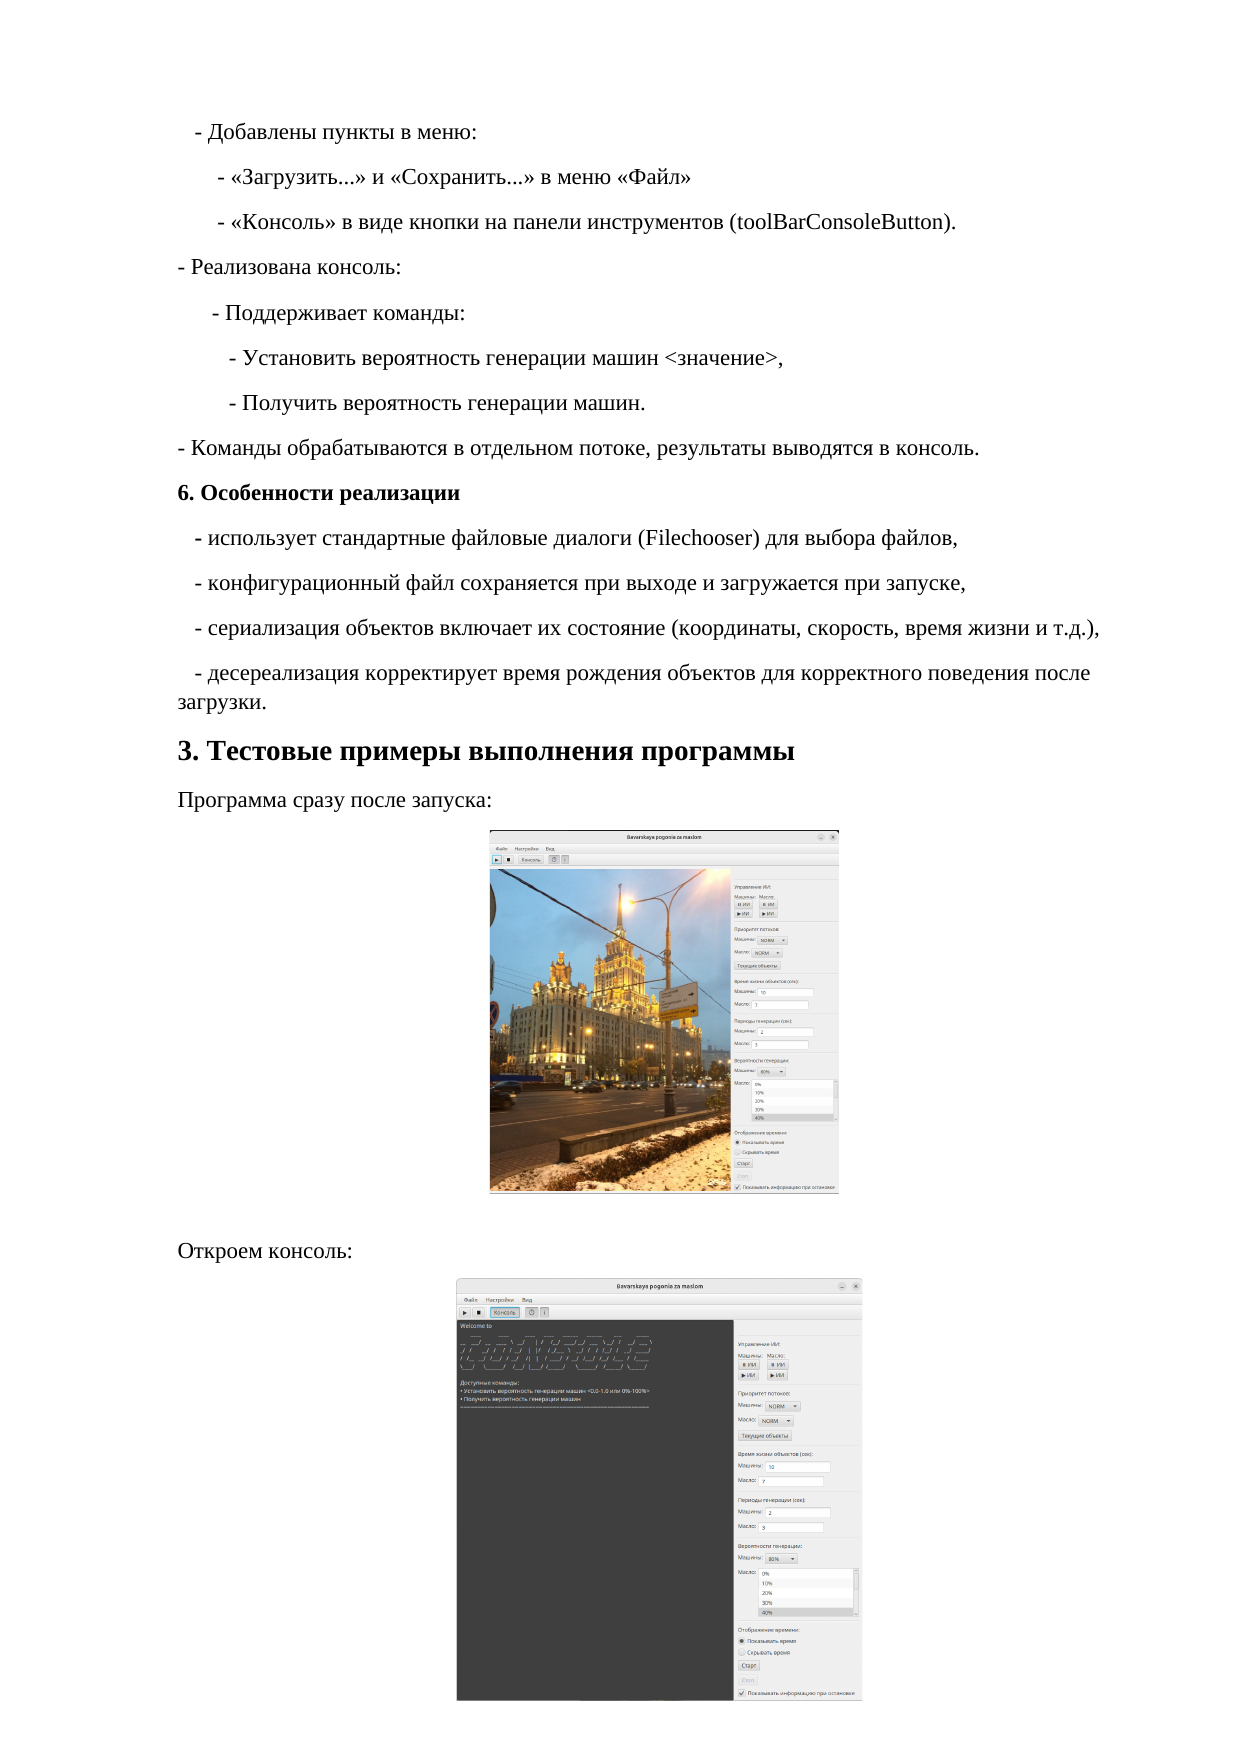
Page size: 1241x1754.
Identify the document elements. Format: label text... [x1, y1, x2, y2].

text - конфигурационный файл сохраняется при выходе и загружается при запуске, [177, 569, 1152, 596]
text 6. Особенности реализации [177, 479, 1152, 505]
text - Реализована консоль: [177, 253, 1152, 280]
picture [456, 1278, 863, 1701]
text - сериализация объектов включает их состояние (координаты, скорость, время жизни и т.д.), [177, 614, 1152, 641]
text - Поддерживает команды: [177, 298, 1152, 325]
text - использует стандартные файловые диалоги (Filechooser) для выбора файлов, [177, 524, 1152, 550]
text Программа сразу после запуска: [177, 786, 1152, 812]
text Откроем консоль: [177, 1237, 1152, 1263]
text - Команды обрабатываются в отдельном потоке, результаты выводятся в консоль. [177, 434, 1152, 460]
text - «Консоль» в виде кнопки на панели инструментов (toolBarConsoleButton). [177, 208, 1152, 235]
text - Установить вероятность генерации машин <значение>, [177, 344, 1152, 370]
text - Добавлены пункты в меню: [177, 118, 1152, 144]
picture [489, 830, 839, 1194]
text 3. Тестовые примеры выполнения программы [177, 733, 1152, 766]
text - Получить вероятность генерации машин. [177, 389, 1152, 415]
text - «Загрузить...» и «Сохранить...» в меню «Файл» [177, 163, 1152, 189]
text - десереализация корректирует время рождения объектов для корректного поведения после загрузки. [177, 659, 1152, 714]

Try it:
Every line in the data above that contains the word "генерации" should be copied.

Result for this task:
text - Установить вероятность генерации машин <значение>, [177, 344, 1152, 370]
text - Получить вероятность генерации машин. [177, 389, 1152, 415]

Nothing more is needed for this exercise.